### Source records:
Content starts

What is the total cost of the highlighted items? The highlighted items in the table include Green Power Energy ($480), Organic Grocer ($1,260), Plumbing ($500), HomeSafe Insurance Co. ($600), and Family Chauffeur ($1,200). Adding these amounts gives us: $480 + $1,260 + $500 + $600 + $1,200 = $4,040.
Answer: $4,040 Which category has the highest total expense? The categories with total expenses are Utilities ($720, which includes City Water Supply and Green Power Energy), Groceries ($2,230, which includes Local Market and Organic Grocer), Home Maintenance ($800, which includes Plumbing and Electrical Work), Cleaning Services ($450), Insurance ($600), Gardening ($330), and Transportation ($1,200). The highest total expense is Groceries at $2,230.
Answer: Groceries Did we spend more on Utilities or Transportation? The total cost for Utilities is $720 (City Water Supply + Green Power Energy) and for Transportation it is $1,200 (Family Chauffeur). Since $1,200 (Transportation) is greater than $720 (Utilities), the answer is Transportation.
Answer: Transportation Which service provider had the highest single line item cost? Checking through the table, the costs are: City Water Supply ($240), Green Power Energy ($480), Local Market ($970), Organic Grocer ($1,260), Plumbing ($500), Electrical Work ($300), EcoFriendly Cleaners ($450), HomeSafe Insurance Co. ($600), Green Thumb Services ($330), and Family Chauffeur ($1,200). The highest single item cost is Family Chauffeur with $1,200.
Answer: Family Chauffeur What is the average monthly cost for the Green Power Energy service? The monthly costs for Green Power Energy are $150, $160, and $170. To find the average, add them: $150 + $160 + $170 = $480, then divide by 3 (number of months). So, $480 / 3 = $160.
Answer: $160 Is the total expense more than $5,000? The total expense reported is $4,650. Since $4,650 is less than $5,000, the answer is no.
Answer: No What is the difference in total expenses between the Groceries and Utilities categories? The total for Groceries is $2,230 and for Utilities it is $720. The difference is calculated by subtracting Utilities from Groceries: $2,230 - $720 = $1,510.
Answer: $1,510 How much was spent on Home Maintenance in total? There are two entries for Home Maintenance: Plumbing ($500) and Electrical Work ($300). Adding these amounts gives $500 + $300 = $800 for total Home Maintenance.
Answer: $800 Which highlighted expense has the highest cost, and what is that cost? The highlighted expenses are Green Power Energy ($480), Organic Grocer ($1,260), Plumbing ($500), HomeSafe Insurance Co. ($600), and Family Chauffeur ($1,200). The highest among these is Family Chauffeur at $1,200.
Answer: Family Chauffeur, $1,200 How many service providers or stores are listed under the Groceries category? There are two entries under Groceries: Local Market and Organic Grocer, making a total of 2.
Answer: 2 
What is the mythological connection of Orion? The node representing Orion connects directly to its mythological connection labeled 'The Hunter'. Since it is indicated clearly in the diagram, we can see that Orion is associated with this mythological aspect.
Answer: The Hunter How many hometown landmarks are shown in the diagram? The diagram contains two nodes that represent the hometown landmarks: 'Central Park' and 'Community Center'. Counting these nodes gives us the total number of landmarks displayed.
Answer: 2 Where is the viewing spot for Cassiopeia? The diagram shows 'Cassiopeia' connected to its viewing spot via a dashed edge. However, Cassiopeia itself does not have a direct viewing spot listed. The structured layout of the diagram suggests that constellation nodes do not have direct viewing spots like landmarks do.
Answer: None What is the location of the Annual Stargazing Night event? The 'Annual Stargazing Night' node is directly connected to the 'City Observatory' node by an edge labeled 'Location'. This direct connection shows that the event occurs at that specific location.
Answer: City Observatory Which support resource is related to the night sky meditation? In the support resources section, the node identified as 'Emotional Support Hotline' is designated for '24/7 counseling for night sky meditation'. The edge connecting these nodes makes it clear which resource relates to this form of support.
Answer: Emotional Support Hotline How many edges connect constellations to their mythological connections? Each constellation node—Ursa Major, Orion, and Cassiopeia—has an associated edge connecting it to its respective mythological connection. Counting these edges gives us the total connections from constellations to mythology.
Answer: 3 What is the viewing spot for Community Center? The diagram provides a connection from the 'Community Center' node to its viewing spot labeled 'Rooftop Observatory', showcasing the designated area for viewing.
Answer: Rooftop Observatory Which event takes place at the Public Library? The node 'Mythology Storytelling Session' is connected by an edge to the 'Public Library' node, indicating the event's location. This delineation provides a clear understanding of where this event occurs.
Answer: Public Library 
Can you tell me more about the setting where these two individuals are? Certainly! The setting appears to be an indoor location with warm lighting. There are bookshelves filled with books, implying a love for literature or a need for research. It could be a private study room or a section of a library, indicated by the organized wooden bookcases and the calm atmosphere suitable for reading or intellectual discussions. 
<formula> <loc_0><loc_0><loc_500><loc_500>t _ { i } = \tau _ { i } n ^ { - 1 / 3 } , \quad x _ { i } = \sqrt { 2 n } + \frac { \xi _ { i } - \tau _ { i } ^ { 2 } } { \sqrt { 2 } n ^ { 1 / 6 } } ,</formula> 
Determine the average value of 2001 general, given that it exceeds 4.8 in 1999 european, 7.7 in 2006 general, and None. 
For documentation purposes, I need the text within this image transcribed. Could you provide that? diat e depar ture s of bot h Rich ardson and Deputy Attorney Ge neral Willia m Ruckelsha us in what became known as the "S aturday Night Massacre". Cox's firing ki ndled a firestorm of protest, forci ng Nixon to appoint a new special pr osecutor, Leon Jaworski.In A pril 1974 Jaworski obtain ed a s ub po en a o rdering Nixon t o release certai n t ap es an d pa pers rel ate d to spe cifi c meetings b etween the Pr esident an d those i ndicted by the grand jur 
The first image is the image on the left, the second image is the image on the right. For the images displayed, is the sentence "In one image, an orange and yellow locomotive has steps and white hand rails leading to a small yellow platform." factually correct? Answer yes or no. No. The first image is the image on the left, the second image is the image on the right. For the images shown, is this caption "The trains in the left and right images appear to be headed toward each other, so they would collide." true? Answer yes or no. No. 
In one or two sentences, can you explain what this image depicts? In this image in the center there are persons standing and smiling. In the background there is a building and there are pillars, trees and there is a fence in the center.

Content ends

### WORK REQUIRED:
Only the lines above from the line containing "Answer: Family Chauffeur, $1,200" through the line containing "Answer: 2 Where" should be retyped, exactly and with both ends included.

### ANSWER TO THE EXERCISE:
Answer: Family Chauffeur, $1,200 How many service providers or stores are listed under the Groceries category? There are two entries under Groceries: Local Market and Organic Grocer, making a total of 2.
Answer: 2 
What is the mythological connection of Orion? The node representing Orion connects directly to its mythological connection labeled 'The Hunter'. Since it is indicated clearly in the diagram, we can see that Orion is associated with this mythological aspect.
Answer: The Hunter How many hometown landmarks are shown in the diagram? The diagram contains two nodes that represent the hometown landmarks: 'Central Park' and 'Community Center'. Counting these nodes gives us the total number of landmarks displayed.
Answer: 2 Where is the viewing spot for Cassiopeia? The diagram shows 'Cassiopeia' connected to its viewing spot via a dashed edge. However, Cassiopeia itself does not have a direct viewing spot listed. The structured layout of the diagram suggests that constellation nodes do not have direct viewing spots like landmarks do.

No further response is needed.